**REQUIRED ACTION**
Without the pictures, write out every entry that follows exactly.
SOURCE RECORDS START
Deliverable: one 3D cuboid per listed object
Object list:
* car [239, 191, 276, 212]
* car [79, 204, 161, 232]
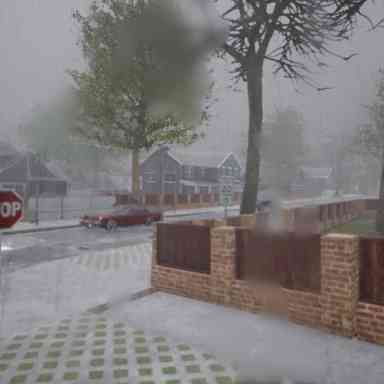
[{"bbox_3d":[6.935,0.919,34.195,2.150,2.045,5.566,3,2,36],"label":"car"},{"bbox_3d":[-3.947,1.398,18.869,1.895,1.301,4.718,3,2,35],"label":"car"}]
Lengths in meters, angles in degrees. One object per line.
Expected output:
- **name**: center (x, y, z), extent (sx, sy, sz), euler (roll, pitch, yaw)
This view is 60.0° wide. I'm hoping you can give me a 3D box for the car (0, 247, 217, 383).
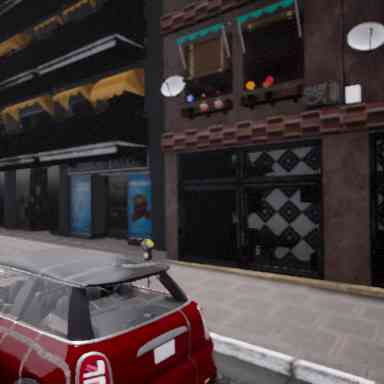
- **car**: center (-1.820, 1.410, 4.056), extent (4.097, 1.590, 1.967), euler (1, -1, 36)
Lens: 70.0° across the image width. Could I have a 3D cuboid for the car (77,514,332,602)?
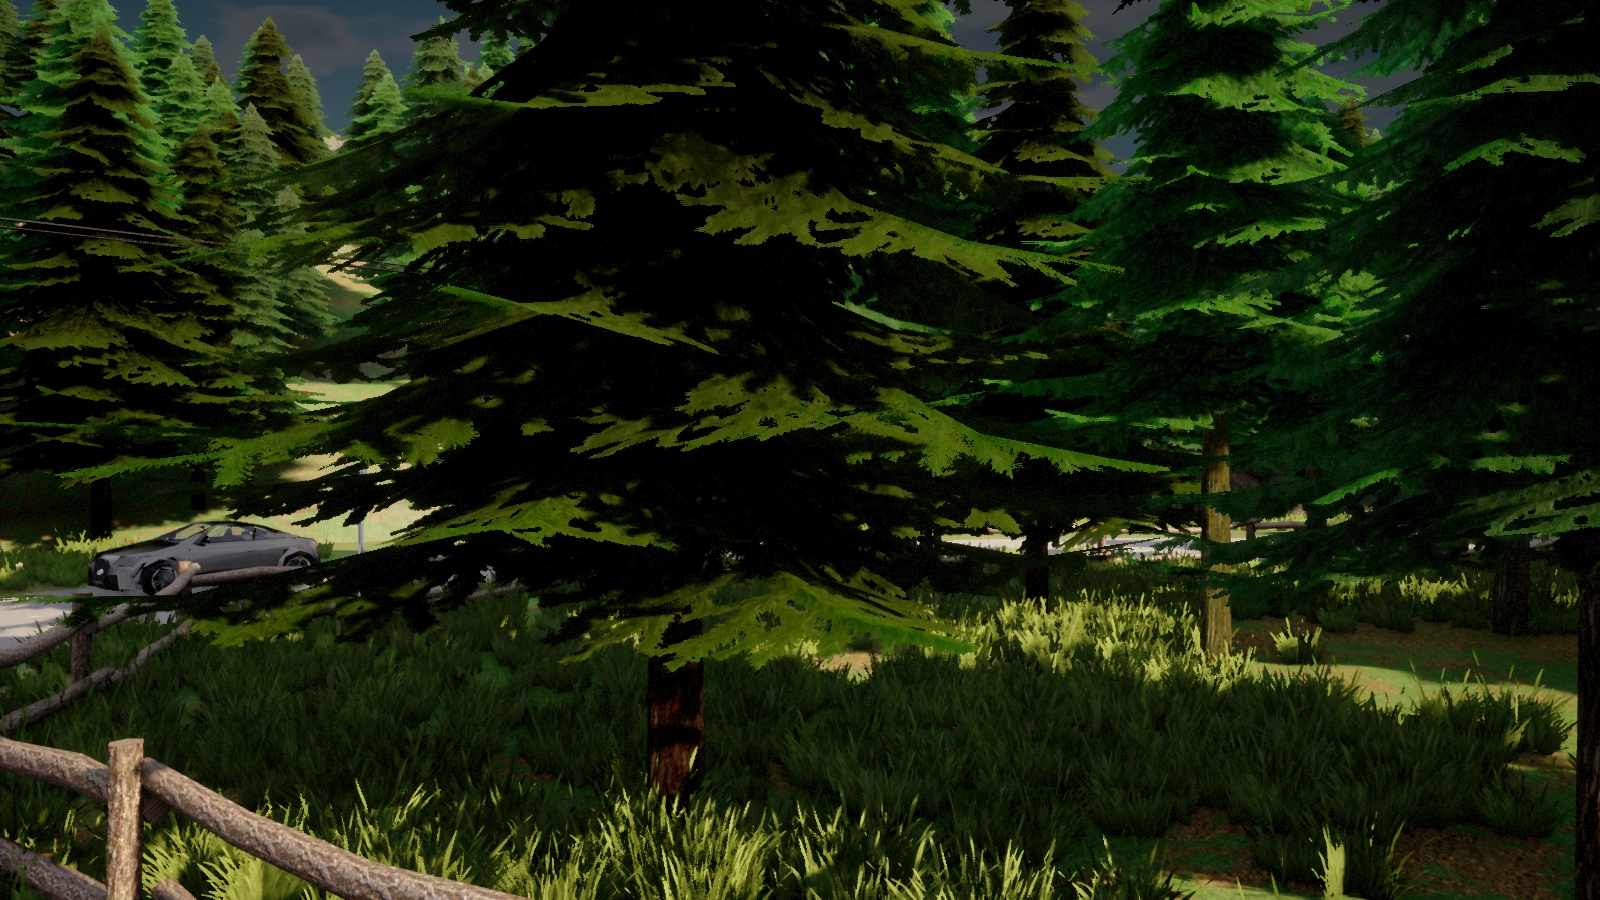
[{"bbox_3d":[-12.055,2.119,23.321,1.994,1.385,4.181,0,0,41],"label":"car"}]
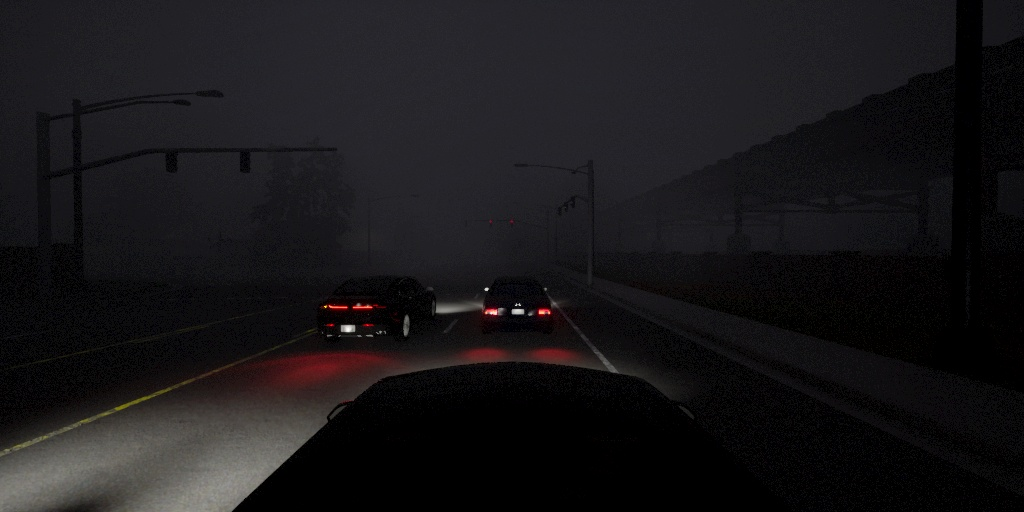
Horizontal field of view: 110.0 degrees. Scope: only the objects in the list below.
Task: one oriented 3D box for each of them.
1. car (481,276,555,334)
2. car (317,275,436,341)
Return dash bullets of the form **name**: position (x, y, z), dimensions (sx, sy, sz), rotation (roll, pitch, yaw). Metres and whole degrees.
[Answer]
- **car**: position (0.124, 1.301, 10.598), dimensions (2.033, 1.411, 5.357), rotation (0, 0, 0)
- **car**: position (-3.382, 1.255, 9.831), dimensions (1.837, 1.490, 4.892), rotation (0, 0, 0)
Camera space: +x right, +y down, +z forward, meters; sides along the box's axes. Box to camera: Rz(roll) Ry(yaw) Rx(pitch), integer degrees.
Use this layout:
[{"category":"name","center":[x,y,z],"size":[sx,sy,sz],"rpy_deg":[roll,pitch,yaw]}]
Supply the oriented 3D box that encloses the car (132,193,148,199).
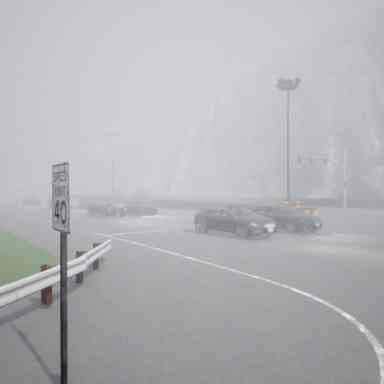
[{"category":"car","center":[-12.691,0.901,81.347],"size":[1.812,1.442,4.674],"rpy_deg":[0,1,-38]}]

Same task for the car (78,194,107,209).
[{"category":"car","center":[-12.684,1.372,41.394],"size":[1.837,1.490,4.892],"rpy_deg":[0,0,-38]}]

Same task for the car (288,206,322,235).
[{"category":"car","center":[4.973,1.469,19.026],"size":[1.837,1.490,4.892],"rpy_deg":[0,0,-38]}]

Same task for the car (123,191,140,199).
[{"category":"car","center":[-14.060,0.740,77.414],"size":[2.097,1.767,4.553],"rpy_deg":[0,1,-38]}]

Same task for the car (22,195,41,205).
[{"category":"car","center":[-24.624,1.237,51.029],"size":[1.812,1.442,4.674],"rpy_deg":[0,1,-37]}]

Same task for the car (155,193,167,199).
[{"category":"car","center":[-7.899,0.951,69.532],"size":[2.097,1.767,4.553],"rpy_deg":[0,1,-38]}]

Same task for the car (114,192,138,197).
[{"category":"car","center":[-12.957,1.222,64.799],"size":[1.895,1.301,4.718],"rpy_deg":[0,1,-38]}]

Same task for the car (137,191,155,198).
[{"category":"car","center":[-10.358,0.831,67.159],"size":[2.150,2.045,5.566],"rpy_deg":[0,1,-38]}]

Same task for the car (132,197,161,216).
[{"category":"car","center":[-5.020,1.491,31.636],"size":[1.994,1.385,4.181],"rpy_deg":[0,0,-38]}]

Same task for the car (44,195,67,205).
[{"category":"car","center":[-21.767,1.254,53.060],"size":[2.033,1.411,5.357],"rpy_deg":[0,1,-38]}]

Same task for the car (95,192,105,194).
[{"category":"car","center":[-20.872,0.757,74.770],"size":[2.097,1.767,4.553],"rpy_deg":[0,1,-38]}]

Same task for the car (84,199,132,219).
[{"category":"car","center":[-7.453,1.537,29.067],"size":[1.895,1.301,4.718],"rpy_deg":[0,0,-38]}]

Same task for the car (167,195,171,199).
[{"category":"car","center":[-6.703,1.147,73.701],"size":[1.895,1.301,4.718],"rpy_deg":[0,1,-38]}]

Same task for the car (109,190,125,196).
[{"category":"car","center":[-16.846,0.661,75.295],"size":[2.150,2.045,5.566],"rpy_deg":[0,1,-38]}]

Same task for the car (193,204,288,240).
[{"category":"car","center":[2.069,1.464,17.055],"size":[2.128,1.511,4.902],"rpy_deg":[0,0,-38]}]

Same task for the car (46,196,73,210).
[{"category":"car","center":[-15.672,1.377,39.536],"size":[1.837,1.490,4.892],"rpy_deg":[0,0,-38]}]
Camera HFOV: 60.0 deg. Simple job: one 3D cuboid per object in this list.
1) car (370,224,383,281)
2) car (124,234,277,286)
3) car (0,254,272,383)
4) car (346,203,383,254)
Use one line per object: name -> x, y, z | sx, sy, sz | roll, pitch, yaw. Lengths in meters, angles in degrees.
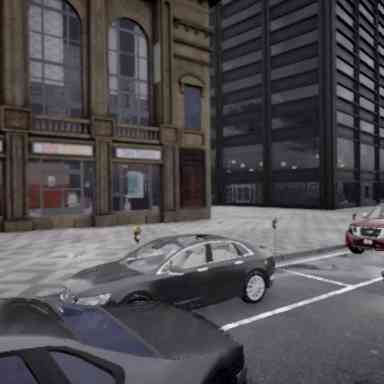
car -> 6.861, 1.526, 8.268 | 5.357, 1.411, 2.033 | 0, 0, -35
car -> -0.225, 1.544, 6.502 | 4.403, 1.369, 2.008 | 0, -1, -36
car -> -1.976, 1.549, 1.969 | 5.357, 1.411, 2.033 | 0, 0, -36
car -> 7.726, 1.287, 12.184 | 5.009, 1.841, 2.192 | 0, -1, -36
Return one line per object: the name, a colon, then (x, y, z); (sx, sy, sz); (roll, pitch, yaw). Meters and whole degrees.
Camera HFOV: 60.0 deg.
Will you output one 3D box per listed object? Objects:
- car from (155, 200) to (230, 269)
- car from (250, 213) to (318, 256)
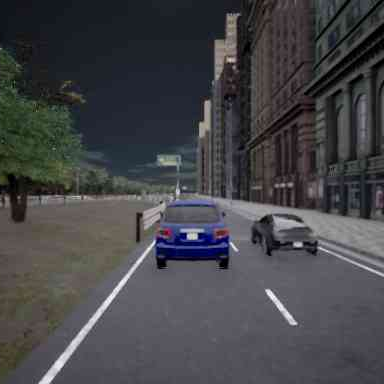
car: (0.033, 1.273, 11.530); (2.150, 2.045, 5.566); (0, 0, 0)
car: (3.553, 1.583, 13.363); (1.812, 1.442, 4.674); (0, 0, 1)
SOURCE RECORDS END
**TASK SOLUTION**
Deliverable: one 3D cuboid per listed object
Object list:
* car [239, 191, 276, 212]
* car [79, 204, 161, 232]
[{"bbox_3d":[6.935,0.919,34.195,2.150,2.045,5.566,3,2,36],"label":"car"},{"bbox_3d":[-3.947,1.398,18.869,1.895,1.301,4.718,3,2,35],"label":"car"}]
Lengths in meters, angles in degrees. One object per line.
Expected output:
- **name**: center (x, y, z), extent (sx, sy, sz), euler (roll, pitch, yaw)
This view is 60.0° wide. I'm hoping you can give me a 3D box for the car (0, 247, 217, 383).
- **car**: center (-1.820, 1.410, 4.056), extent (4.097, 1.590, 1.967), euler (1, -1, 36)
Lens: 70.0° across the image width. Could I have a 3D cuboid for the car (77,514,332,602)?
[{"bbox_3d":[-12.055,2.119,23.321,1.994,1.385,4.181,0,0,41],"label":"car"}]
Horizontal field of view: 110.0 degrees. Scope: only the objects in the list below.
Task: one oriented 3D box for each of them.
1. car (481,276,555,334)
2. car (317,275,436,341)
Return dash bullets of the form **name**: position (x, y, z), dimensions (sx, sy, sz), rotation (roll, pitch, yaw). Metres and whole degrees.
[Answer]
- **car**: position (0.124, 1.301, 10.598), dimensions (2.033, 1.411, 5.357), rotation (0, 0, 0)
- **car**: position (-3.382, 1.255, 9.831), dimensions (1.837, 1.490, 4.892), rotation (0, 0, 0)
Camera space: +x right, +y down, +z forward, meters; sides along the box's axes. Box to camera: Rz(roll) Ry(yaw) Rx(pitch), integer degrees.
Use this layout:
[{"category":"name","center":[x,y,z],"size":[sx,sy,sz],"rpy_deg":[roll,pitch,yaw]}]
Supply the oriented 3D box that encloses the car (132,193,148,199).
[{"category":"car","center":[-12.691,0.901,81.347],"size":[1.812,1.442,4.674],"rpy_deg":[0,1,-38]}]

Same task for the car (78,194,107,209).
[{"category":"car","center":[-12.684,1.372,41.394],"size":[1.837,1.490,4.892],"rpy_deg":[0,0,-38]}]

Same task for the car (288,206,322,235).
[{"category":"car","center":[4.973,1.469,19.026],"size":[1.837,1.490,4.892],"rpy_deg":[0,0,-38]}]

Same task for the car (123,191,140,199).
[{"category":"car","center":[-14.060,0.740,77.414],"size":[2.097,1.767,4.553],"rpy_deg":[0,1,-38]}]

Same task for the car (22,195,41,205).
[{"category":"car","center":[-24.624,1.237,51.029],"size":[1.812,1.442,4.674],"rpy_deg":[0,1,-37]}]

Same task for the car (155,193,167,199).
[{"category":"car","center":[-7.899,0.951,69.532],"size":[2.097,1.767,4.553],"rpy_deg":[0,1,-38]}]

Same task for the car (114,192,138,197).
[{"category":"car","center":[-12.957,1.222,64.799],"size":[1.895,1.301,4.718],"rpy_deg":[0,1,-38]}]

Same task for the car (137,191,155,198).
[{"category":"car","center":[-10.358,0.831,67.159],"size":[2.150,2.045,5.566],"rpy_deg":[0,1,-38]}]

Same task for the car (132,197,161,216).
[{"category":"car","center":[-5.020,1.491,31.636],"size":[1.994,1.385,4.181],"rpy_deg":[0,0,-38]}]

Same task for the car (44,195,67,205).
[{"category":"car","center":[-21.767,1.254,53.060],"size":[2.033,1.411,5.357],"rpy_deg":[0,1,-38]}]

Same task for the car (95,192,105,194).
[{"category":"car","center":[-20.872,0.757,74.770],"size":[2.097,1.767,4.553],"rpy_deg":[0,1,-38]}]

Same task for the car (84,199,132,219).
[{"category":"car","center":[-7.453,1.537,29.067],"size":[1.895,1.301,4.718],"rpy_deg":[0,0,-38]}]

Same task for the car (167,195,171,199).
[{"category":"car","center":[-6.703,1.147,73.701],"size":[1.895,1.301,4.718],"rpy_deg":[0,1,-38]}]

Same task for the car (109,190,125,196).
[{"category":"car","center":[-16.846,0.661,75.295],"size":[2.150,2.045,5.566],"rpy_deg":[0,1,-38]}]

Same task for the car (193,204,288,240).
[{"category":"car","center":[2.069,1.464,17.055],"size":[2.128,1.511,4.902],"rpy_deg":[0,0,-38]}]

Same task for the car (46,196,73,210).
[{"category":"car","center":[-15.672,1.377,39.536],"size":[1.837,1.490,4.892],"rpy_deg":[0,0,-38]}]
Camera HFOV: 60.0 deg. Simple job: one 3D cuboid per object in this list.
1) car (370,224,383,281)
2) car (124,234,277,286)
3) car (0,254,272,383)
4) car (346,203,383,254)
Use one line per object: name -> x, y, z | sx, sy, sz | roll, pitch, yaw. Lengths in meters, angles in degrees.
car -> 6.861, 1.526, 8.268 | 5.357, 1.411, 2.033 | 0, 0, -35
car -> -0.225, 1.544, 6.502 | 4.403, 1.369, 2.008 | 0, -1, -36
car -> -1.976, 1.549, 1.969 | 5.357, 1.411, 2.033 | 0, 0, -36
car -> 7.726, 1.287, 12.184 | 5.009, 1.841, 2.192 | 0, -1, -36
Return one line per object: the name, a colon, then (x, y, z); (sx, sy, sz); (roll, pitch, yaw). Meters and whole degrees.
Camera HFOV: 60.0 deg.
Will you output one 3D box per listed object? Objects:
- car from (155, 200) to (230, 269)
- car from (250, 213) to (318, 256)
car: (0.033, 1.273, 11.530); (2.150, 2.045, 5.566); (0, 0, 0)
car: (3.553, 1.583, 13.363); (1.812, 1.442, 4.674); (0, 0, 1)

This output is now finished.